Subsequently I told Counsel I had
read it and thought several of the documents
not separately tendered to be relevant to their arguments. I invited tender of
the bundle
by consent.
Mr Moshinsky
demurred saying he had not had the opportunity to read through the bundle (even
though he had two instructing solicitors
with him and by then the defence have
had the bundle for a day and a half). I offered to disqualify myself if Mr
Moshinsky considered
I may have been improperly influenced. Mr Moshinsky
declined the offer. Finally, as the situation should be made regular, I allowed
Mr Williams to tender the bundle, absent Mr Moshinsky’s consent. It is
marked Exhibit
P7.
The defendant has
raised seven points of defence which I shall
consider.
So that
they may be understood, I set out section 19A of the Nauru Phosphate Royalties
Act and the Presidential
Order:
Section
19A:-
PAYMENT OF PRINCIPAL IN SPECIAL CIRCUMSTANCES
19A (1) Where the President is satisfied that a beneficiary of the Nauruan Landowners Royalty Trust Fund (in this section called "the Fund") is a person who is
(a) the sole owner of a Portion of land in respect of which he is a beneficiary of the Fund; and
(b) has no living next of kin (other than a spouse) who would in the normal course of events have any expectation of inheriting from the estate of the beneficiary (whether according to the customs and usages of the Nauruan people or otherwise); and
(c) is a person of such age that the likelihood of such circumstance changing appears to the President to be remote
the President may by order consent to a request by such beneficiary that part of the interest of the beneficiary in the Fund be paid to the beneficiary at such time, in such amount, and at such place as the President in his order may direct.

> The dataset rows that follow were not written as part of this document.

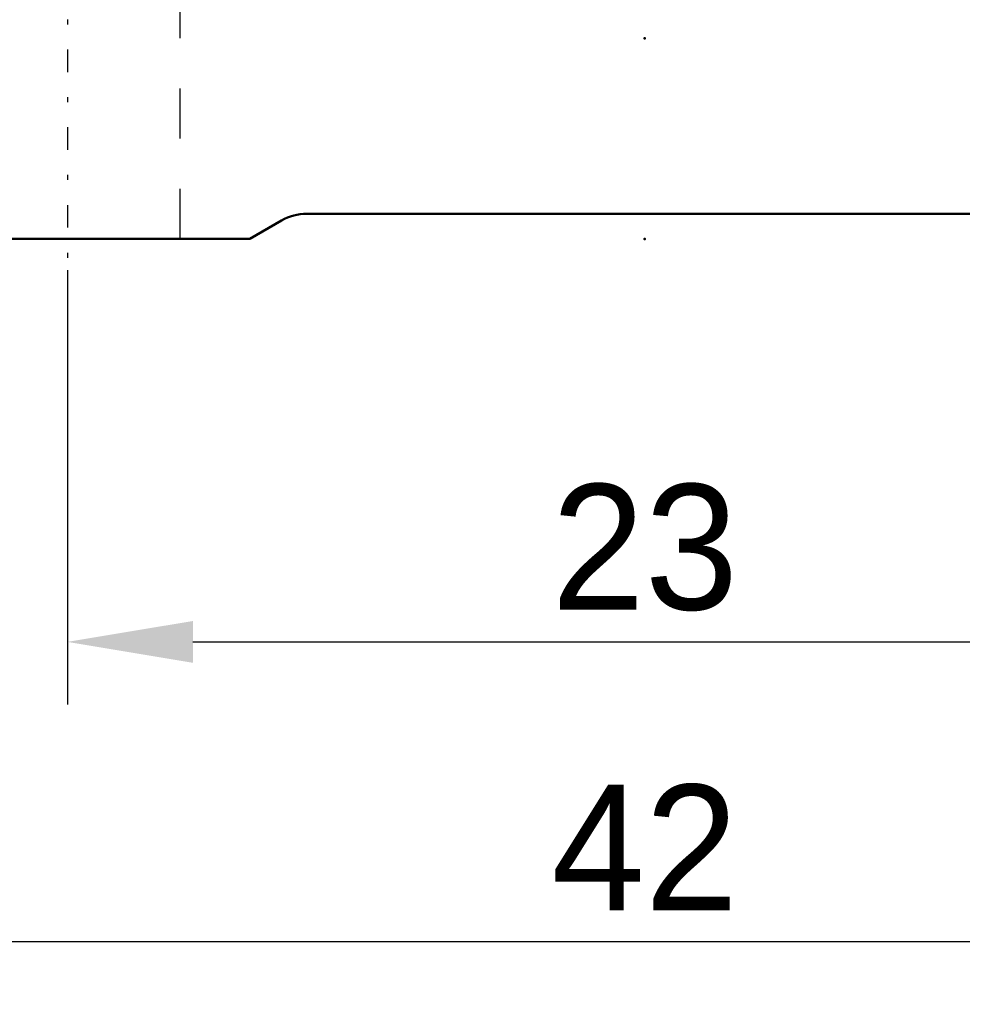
# Model space of a CAD drawing. Header units: millimetres. Extents: x 15 to 290, y 8 to 73.
# Tile 2 of 19: x 50 to 69, y 8 to 27. Entities that reach past the tile are written whole.
import ezdxf

# ---------------------------------------------------------------- set-up
doc = ezdxf.new("R2010")
doc.units = ezdxf.units.MM
doc.linetypes.add('Center', pattern=[1.5, 0.45, -0.5, 0.05, -0.5])
doc.linetypes.add('Dashed', pattern=[2, 1, -1])
for name, color, linetype, lineweight in [('AM_0', 7, 'Continuous', 50), ('AM_7', 7, 'Center', 25), ('AM_9', 6, 'Dashed', 25)]:
    doc.layers.add(name, color=color, linetype=linetype, lineweight=lineweight)
doc.dimstyles.new('ISO-25', dxfattribs={"dimtxt": 2.5, "dimasz": 2.5, "dimexe": 1.25, "dimexo": 0.625, "dimtad": 1, "dimdsep": 46, "dimtxsty": 'Standard', "dimcen": 2.5, "dimadec": 0, "dimazin": 0, "dimtfac": 1, "dimtmove": 0, "dimatfit": 3, "dimfxl": 1, "dimarcsym": 0})

# ---------------------------------------------------------------- blocks, each defined once
blk = doc.blocks.new('5_TM15WNS1170NSZFI1252555000RAIL_0_in_TM15WNS1170NSZFI12525C55000TM_3')
at = {"layer": 'AM_0'}
for p, q in [((6.732, 0.5), (-6.732, 0.5)), ((-7.232, 0.367), (-7.866, 0)), ((-7.866, 0), (-20.4, 0))]:
    blk.add_line(p, q, dxfattribs=at)
blk.add_arc((-6.734, -0.5), 1, 89.9032, 119.8883, dxfattribs=at)
at = {"layer": 'AM_7'}
blk.add_line((-11.5, 9.975), (-11.5, -0.475), dxfattribs=at)
at = {"layer": 'AM_9'}
blk.add_line((-9.25, 0), (-9.25, 5), dxfattribs=at)
blk = doc.blocks.new('*D20')
at = {"layer": 'AM_0', "color": 0, "lineweight": -2, "transparency": 16777216}
for p, q in [((41.186, 26.255), (41.186, 7.63)), ((83.186, 26.255), (83.186, 7.63)), ((43.686, 8.88), (80.686, 8.88))]:
    blk.add_line(p, q, dxfattribs=at)
at = {"layer": 'AM_0', "color": 0, "transparency": 16777216}
for points in [[(43.686, 9.296), (43.686, 8.463), (41.186, 8.88)], [(80.686, 9.296), (80.686, 8.463), (83.186, 8.88)]]:
    blk.add_solid(points, dxfattribs=at)
at = {"layer": 'Defpoints', "color": 0, "transparency": 16777216}
for p in [(41.186, 26.88), (83.186, 26.88), (83.186, 8.88)]:
    blk.add_point(p, dxfattribs=at)
at = {"layer": 'AM_0', "color": 0, "transparency": 16777216, "insert": (62.186, 10.755), "char_height": 2.5, "attachment_point": 5}
blk.add_mtext('42', dxfattribs=at)
blk = doc.blocks.new('*D33')
at = {"color": 0, "lineweight": -2, "transparency": 16777216}
for p, q in [((50.686, 22.255), (50.686, 13.601)), ((73.686, 22.255), (73.686, 13.601)), ((53.186, 14.851), (71.186, 14.851))]:
    blk.add_line(p, q, dxfattribs=at)
at = {"color": 0, "transparency": 16777216}
for points in [[(53.186, 15.267), (53.186, 14.434), (50.686, 14.851)], [(71.186, 15.267), (71.186, 14.434), (73.686, 14.851)]]:
    blk.add_solid(points, dxfattribs=at)
at = {"layer": 'Defpoints', "color": 0, "transparency": 16777216}
for p in [(50.686, 22.88), (73.686, 22.88), (73.686, 14.851)]:
    blk.add_point(p, dxfattribs=at)
at = {"color": 0, "transparency": 16777216, "insert": (62.186, 16.726), "char_height": 2.5, "attachment_point": 5}
blk.add_mtext('23', dxfattribs=at)

msp = doc.modelspace()

# ---------------------------------------------------------------- linework, layer by layer
at = {"layer": 'AM_0'}
for p in [(62.186, 26.88), (62.186, 26.88), (62.186, 26.88), (62.186, 22.88)]:
    msp.add_point(p, dxfattribs=at)

# ---------------------------------------------------------------- block references
msp.add_blockref('5_TM15WNS1170NSZFI1252555000RAIL_0_in_TM15WNS1170NSZFI12525C55000TM_3', (62.186, 22.88), dxfattribs=at)

# ---------------------------------------------------------------- dimensions: what is measured, and where the dimension line sits
dim = msp.add_linear_dim(base=(73.686, 14.851), p1=(50.686, 22.88), p2=(73.686, 22.88), dimstyle='ISO-25')
dim.commit()
dim.dimension.update_dxf_attribs({"geometry": '*D33', "text_midpoint": (62.186, 16.726)})
dim = msp.add_linear_dim(base=(83.186, 8.88), p1=(41.186, 26.88), p2=(83.186, 26.88), text='42', dimstyle='ISO-25', dxfattribs=at)
dim.commit()
dim.dimension.update_dxf_attribs({"geometry": '*D20', "text_midpoint": (62.186, 8.88), "dimtype": 160})

doc.saveas('drawing.dxf')

(2) The Trust must upon receipt of an order of the President made in accordance with sub-section (1), give effect to that order.
The
Presidential Order:-
Nauru Phosphate Royalties Trust Act 1968-1990
(Section 19A)
Presidential Order
WHEREAS Section 19A of the Nauru Phosphate Royalties Trust Act 1968-1990 provides that where the President is satisfied that a beneficiary of the Nauruan Landowners Royalty Trust Fund ("the Fund") is a person who is
(a) the sole owner of a Portion of land in respect of which he is a beneficiary of the Fund; and
(b) has no living next of kin who would in the normal course of events have any expectation of inheriting from the estate of the beneficiary; and
(c) is a person of such age that the likelihood of such circumstance changing appears to the President to be remote
the President may by order consent to a request by such beneficiary that part of the interest of the beneficiary in the Fund be paid to the beneficiary at such time, in such amount, and at such place as the President in his order may direct;
AND WHEREAS Roy Degoregore, a beneficiary of the Fund, has requested that part of his interest in the Fund be paid to him;
NOW, I Bernard Dowiyogo, President, being satisfied that the said Roy Degoregore is a person who meets all of the aforesaid criteria and having given due consideration to his request, consent thereto
AND I HEREBY DIRECT –
1. THAT the Nauru Phosphate Royalties Trust do pay to the said Roy Degoregore from his interest in the Fund the sum of five million dollars ($5,000,000);
2. THAT THE SAID SUM BE PAID AS FOLLOWS –
As to the sum of $700,000 on December 23, 1994;
As to the sum of $2,500,000 on April 2, 1995;
As to the sum of $1,800,000 on June 1, 1995; and
3. THAT each payment be paid to the said Roy Degoregore at Westpac Bank, 139 Collins Street, Melbourne, Australia.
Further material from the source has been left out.